Provided records Start Marker
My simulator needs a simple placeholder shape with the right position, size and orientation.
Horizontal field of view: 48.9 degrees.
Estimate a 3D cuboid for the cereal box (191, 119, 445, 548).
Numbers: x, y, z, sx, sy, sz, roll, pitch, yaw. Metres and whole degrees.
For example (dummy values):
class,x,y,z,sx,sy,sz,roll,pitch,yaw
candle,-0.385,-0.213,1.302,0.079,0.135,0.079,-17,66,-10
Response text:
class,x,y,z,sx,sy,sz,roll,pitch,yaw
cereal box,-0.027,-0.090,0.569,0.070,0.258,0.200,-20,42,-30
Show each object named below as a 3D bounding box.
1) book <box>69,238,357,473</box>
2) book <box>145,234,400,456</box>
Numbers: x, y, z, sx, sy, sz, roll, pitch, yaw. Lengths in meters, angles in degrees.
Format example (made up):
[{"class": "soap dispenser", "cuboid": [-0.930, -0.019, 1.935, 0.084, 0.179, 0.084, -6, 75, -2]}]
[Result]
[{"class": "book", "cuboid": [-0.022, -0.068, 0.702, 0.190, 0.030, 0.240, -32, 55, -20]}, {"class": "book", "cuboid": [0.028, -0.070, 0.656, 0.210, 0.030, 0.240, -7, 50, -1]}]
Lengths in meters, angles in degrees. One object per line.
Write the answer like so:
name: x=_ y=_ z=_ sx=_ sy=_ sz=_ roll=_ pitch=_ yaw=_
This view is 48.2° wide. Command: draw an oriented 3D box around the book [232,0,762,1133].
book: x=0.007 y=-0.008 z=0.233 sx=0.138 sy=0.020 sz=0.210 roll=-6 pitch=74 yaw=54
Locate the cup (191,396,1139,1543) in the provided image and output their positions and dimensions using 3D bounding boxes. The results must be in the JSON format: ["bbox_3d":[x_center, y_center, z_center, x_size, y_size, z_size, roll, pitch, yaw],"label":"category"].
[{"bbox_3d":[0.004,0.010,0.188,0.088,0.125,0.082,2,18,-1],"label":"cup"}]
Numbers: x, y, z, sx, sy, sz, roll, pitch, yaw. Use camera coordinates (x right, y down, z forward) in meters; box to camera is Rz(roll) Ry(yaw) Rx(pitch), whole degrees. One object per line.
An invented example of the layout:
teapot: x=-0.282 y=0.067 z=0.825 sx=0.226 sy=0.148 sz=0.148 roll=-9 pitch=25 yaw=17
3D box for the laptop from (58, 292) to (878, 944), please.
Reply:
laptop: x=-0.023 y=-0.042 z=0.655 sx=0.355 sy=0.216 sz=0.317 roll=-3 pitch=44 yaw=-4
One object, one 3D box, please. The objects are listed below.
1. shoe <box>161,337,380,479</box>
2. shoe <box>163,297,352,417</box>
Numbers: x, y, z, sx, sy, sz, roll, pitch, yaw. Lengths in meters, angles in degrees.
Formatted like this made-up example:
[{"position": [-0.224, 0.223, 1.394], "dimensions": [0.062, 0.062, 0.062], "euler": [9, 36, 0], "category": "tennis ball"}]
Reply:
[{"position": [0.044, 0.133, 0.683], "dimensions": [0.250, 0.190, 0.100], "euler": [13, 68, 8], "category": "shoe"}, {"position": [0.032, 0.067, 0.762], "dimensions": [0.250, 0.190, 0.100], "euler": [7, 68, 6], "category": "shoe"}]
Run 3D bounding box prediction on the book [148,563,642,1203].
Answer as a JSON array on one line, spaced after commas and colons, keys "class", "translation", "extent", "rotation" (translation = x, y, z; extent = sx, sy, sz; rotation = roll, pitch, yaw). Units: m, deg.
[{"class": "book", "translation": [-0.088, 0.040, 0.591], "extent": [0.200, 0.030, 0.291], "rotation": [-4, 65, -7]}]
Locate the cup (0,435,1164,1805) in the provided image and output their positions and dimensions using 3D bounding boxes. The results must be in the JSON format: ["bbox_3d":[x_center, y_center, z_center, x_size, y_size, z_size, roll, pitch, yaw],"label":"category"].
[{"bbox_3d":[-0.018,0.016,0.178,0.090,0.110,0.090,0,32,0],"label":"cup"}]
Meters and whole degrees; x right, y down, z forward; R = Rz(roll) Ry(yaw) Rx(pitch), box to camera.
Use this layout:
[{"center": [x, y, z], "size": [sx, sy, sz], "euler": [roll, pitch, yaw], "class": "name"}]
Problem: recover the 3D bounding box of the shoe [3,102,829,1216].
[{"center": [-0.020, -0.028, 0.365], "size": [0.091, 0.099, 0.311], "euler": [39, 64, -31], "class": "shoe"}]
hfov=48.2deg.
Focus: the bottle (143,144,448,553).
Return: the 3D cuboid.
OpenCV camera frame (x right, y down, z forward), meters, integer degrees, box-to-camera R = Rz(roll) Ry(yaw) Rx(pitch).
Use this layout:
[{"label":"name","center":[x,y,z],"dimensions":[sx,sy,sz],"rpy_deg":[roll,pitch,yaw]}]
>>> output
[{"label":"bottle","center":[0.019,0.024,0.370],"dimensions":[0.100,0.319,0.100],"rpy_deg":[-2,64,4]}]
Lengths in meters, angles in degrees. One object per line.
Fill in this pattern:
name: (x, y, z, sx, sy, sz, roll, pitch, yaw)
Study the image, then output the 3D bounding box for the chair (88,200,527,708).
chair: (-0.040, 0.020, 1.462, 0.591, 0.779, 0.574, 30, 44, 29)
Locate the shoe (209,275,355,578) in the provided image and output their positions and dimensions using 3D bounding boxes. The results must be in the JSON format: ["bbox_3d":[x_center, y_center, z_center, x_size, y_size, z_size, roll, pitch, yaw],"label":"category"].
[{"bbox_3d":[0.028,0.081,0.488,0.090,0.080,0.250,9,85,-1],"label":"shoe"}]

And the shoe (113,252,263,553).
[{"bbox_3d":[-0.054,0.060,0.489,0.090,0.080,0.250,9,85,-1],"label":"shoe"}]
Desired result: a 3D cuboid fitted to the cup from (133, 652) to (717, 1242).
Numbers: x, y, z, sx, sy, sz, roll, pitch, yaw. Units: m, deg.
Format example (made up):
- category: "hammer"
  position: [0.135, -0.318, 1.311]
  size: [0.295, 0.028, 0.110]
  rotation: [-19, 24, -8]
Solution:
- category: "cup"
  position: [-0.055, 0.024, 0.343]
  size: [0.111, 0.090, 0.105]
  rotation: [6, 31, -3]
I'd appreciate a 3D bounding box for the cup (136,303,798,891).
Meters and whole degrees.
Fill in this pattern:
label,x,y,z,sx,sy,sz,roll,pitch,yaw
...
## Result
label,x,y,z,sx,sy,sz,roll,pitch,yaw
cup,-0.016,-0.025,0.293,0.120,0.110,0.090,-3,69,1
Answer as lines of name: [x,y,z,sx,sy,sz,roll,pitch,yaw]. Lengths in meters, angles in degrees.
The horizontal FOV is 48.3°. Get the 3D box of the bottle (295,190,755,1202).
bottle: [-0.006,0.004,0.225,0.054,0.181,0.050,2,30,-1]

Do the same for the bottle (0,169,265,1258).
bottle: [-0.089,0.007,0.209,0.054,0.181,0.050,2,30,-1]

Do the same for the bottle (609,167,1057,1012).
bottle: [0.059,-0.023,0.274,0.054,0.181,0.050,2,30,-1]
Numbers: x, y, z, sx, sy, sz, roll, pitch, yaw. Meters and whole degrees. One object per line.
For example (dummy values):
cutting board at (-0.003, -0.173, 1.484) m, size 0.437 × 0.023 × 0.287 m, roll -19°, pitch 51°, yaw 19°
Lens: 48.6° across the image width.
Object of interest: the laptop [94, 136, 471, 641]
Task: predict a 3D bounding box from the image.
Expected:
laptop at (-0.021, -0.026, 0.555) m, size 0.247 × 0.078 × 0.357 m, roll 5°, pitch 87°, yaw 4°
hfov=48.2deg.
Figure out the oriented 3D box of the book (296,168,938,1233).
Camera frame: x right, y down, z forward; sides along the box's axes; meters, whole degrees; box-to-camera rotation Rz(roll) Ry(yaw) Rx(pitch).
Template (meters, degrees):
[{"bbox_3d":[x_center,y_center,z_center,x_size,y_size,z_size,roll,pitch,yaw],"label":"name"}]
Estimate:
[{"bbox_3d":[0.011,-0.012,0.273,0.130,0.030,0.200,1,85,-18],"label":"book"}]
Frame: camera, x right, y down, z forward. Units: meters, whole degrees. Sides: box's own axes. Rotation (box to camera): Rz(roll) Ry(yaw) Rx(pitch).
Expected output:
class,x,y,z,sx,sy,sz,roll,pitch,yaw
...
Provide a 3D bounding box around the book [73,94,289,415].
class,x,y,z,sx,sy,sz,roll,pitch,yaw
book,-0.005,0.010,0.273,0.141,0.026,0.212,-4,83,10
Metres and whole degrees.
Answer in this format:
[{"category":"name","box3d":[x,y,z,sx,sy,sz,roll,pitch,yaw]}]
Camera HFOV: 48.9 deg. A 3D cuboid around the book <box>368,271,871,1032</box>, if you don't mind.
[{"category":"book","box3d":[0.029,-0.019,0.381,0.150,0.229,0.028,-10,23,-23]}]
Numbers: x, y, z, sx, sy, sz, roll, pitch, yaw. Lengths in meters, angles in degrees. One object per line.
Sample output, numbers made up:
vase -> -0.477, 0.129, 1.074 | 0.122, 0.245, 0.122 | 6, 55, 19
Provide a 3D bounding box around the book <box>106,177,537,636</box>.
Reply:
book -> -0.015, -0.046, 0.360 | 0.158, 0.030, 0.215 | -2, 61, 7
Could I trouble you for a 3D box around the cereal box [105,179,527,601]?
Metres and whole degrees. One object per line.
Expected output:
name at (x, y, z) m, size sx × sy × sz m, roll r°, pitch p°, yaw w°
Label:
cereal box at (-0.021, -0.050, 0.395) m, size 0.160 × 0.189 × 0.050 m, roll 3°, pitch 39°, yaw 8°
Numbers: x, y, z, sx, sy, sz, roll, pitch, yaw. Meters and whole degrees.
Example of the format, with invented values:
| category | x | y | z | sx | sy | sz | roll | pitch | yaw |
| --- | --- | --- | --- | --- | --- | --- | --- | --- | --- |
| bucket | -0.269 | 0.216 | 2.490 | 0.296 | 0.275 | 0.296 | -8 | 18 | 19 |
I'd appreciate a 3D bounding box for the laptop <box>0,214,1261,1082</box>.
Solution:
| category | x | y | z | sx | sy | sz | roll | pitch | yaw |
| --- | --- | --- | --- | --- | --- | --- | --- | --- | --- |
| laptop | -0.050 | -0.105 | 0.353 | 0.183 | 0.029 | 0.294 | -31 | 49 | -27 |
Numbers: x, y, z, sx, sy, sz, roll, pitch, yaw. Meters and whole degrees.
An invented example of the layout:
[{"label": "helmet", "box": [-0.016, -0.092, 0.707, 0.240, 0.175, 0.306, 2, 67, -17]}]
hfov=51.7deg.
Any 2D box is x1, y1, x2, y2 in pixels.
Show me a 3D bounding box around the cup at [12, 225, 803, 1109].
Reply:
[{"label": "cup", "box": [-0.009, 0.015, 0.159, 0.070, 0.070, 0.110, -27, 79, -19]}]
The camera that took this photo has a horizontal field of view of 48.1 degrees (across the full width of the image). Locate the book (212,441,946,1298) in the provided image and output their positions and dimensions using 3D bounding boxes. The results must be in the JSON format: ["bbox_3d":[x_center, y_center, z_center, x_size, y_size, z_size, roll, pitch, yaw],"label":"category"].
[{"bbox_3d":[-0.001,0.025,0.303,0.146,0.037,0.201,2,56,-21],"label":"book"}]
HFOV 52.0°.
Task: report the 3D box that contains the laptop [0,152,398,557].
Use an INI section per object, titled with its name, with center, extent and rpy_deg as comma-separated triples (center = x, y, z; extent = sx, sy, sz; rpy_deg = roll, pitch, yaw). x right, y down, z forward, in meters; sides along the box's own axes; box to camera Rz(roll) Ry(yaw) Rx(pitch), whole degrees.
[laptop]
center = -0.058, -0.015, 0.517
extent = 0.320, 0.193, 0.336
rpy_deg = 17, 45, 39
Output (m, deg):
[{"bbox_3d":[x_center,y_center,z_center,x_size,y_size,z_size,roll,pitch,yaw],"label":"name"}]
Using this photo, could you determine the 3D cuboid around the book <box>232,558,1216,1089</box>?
Provided records End Marker
Pull every line containing the string "below" out of the data above and copy it.

* [Reply to the task]
Show each object named below as a 3D bounding box.
One object, one 3D box, please. The objects are listed below.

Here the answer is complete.